Hello all,
Our rancher-server crashed. We noticed this because our web interface was no longer available. The active nodes and the load balancers are still working, we can still access our various webapplications running in the various containers.
When we rebooted the server, docker did no longer manage to get back up. I have been debugging it for a couple of hours and finally discovered that after removing the folder for the faulty container from /var/lib/docker/containers/, docker came back up.
Our machine running rancher server has only 2 containers: 1 for rancher-data and one for rancher-server.

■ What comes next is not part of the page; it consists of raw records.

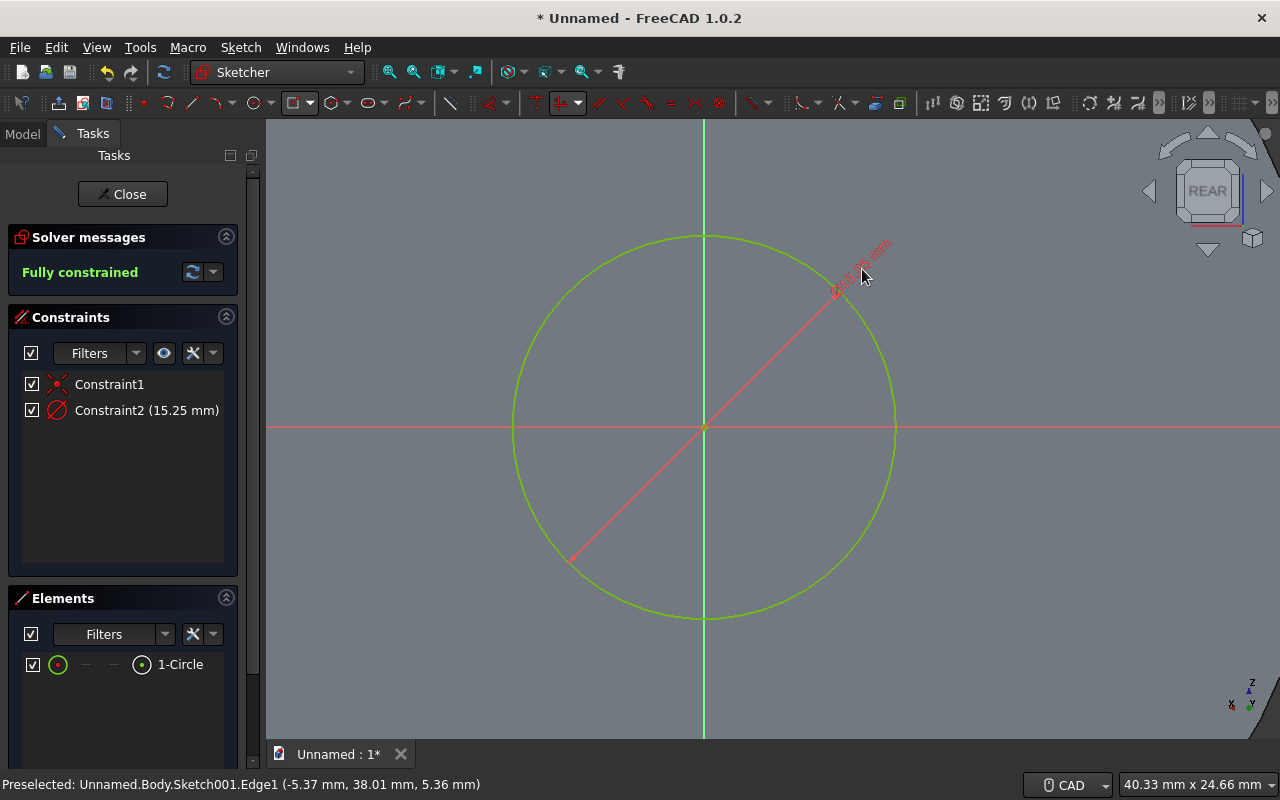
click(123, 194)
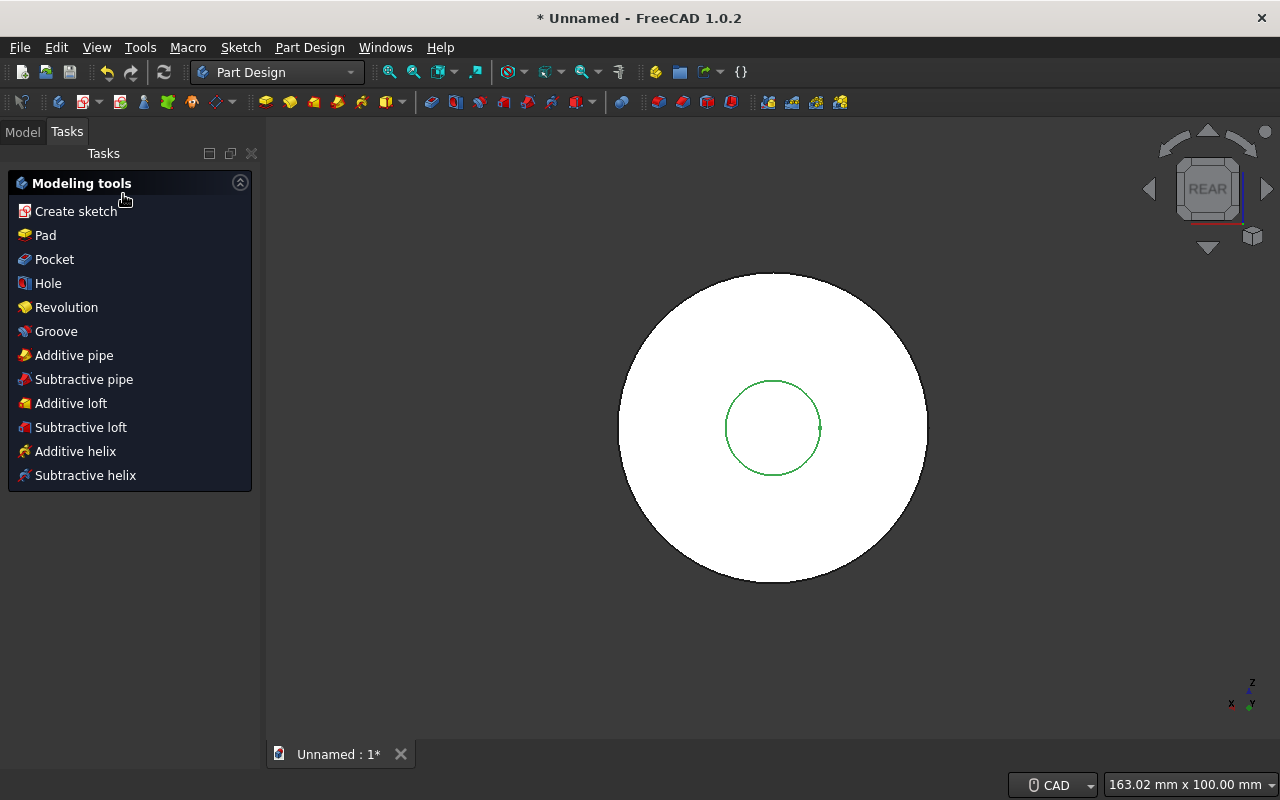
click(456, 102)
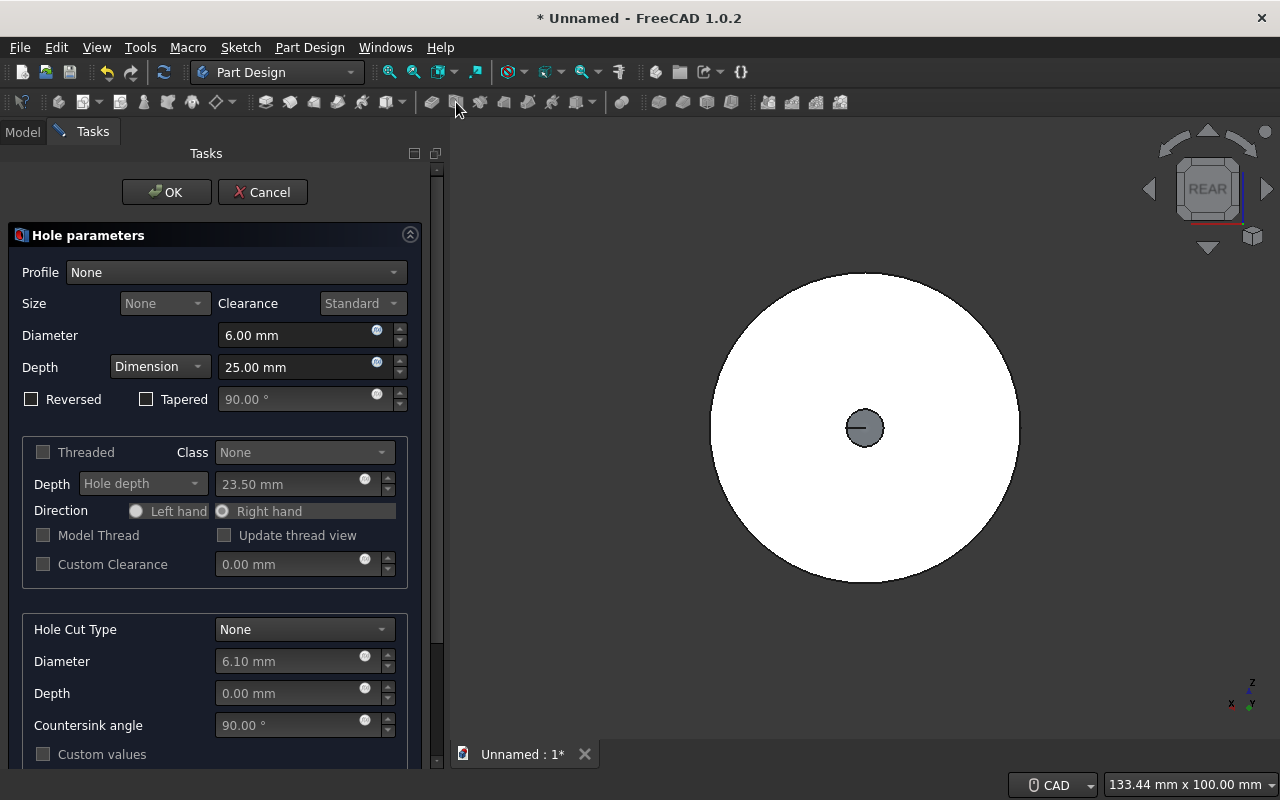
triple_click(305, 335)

I actually managed to solve it. By removing the entire directory under var/lib/docker/containers/ for the rancher-server, and then reissuing the command to start rancher server using the volumes from the rancher-data container (which was in stopped state and came available)
docker run -d \
--volumes-from rancher-data \
--name rancher-server-v2.2.4 \
--restart=unless-stopped -p 80:80 -p 443:443 \
-v /home/certs/yourdomain.pem:/etc/rancher/ssl/cert.pem \
-v /home/certs/certificate-yourdomain.key:/etc/rancher/ssl/key.pem \
rancher/rancher:v2.2.4 --no-cacerts
And within a couple of seconds, everything was up and running again.
1 Like
Ok, but that’s a pretty disruptive fix if you want to avoid a service outage. You may want to consider a HA setup. OTOH, as you pointed out, access to your business applications was unaffected by losing the Rancher server, but of course you do then lose the ability to manage your cluster and workloads via Rancher (albeit you can still do so using the K8s api directly - which tbh is what we do, mostly for portability). Another gotcha might exist if you drive all authentication thru Rancher, which, if you lose Rancher server will be impactful. It’s possible to avoid that in the version you are using.